Stage fright
Lloyd Evans says that being a theatre critic is not all silver-topped canes and nights of bliss: 28 of the 30-odd shows in the West End are turkeys Help us! We're under attack from all sides. Last month my fellow theatre reviewer, Toby Young, mentioned in his column that a London critic had 'reported' him to the Evening Standard for leaving a play after the opening half. I too have been known to sidle home during the interval and I gather that my feats of escapology have attracted complaints from senior reviewers. This rankles somewhat, and I feel as I've been unjustly awarded a black mark by the prefects. A magazine devoted to theatre reviews has demanded that if [leave at half-time I should get half-pay. Of course, you don't need to be a genius to plumb the cause of this resentment. Deep down, they all want to bunk off as well.

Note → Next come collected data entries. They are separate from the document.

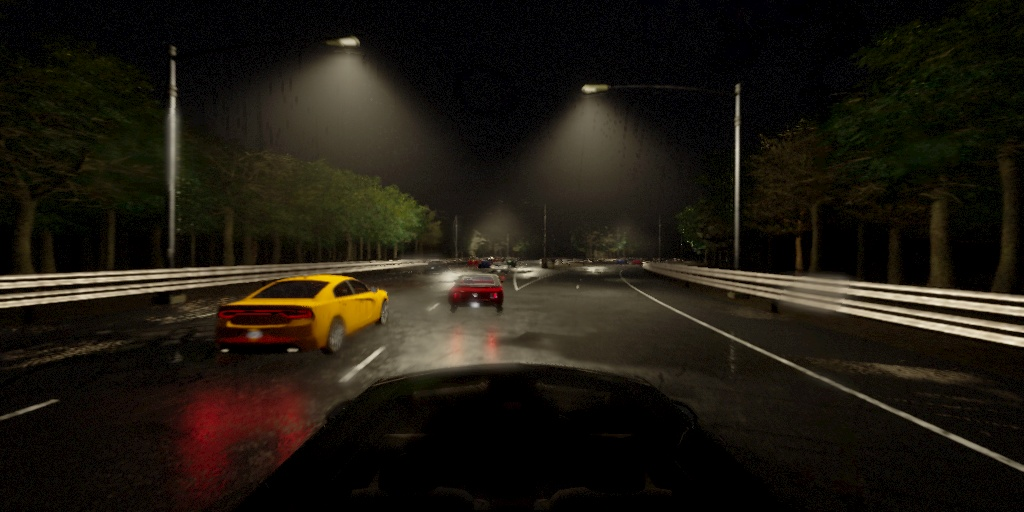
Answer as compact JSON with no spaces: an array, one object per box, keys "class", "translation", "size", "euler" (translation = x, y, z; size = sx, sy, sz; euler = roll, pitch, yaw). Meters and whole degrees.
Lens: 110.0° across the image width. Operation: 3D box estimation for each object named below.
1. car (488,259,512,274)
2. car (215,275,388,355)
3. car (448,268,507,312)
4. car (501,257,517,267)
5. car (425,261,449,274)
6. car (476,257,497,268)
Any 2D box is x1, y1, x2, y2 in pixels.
[{"class":"car","translation":[-1.352,1.313,41.203],"size":[1.895,1.301,4.718],"euler":[0,0,2]},{"class":"car","translation":[-4.513,1.202,8.627],"size":[1.882,1.535,5.008],"euler":[0,0,-2]},{"class":"car","translation":[-1.274,1.340,14.083],"size":[1.895,1.301,4.718],"euler":[0,0,-2]},{"class":"car","translation":[-0.221,1.040,62.646],"size":[2.097,1.767,4.553],"euler":[0,0,4]},{"class":"car","translation":[-8.297,1.237,39.875],"size":[1.994,1.385,4.181],"euler":[0,0,2]},{"class":"car","translation":[-4.027,1.239,57.667],"size":[1.994,1.385,4.181],"euler":[0,0,4]}]

My instinct is that if a playwright cannot entertain me after being given an irrecoverable hour of my life in which to do so, then he's blown it. I'm off. A night at the theatre isn't like a football match — or it shouldn't be, anyway — with long periods of chaotic tedium interspersed with flashes of majestic brilliance. You don't have to hang on till the dying seconds in the hope that a lastgasp epigram will change the whole course of the evening. Fundamentally this is a reporting job, and once I've gathered enough facts to write an entertaining piece I race home and get started.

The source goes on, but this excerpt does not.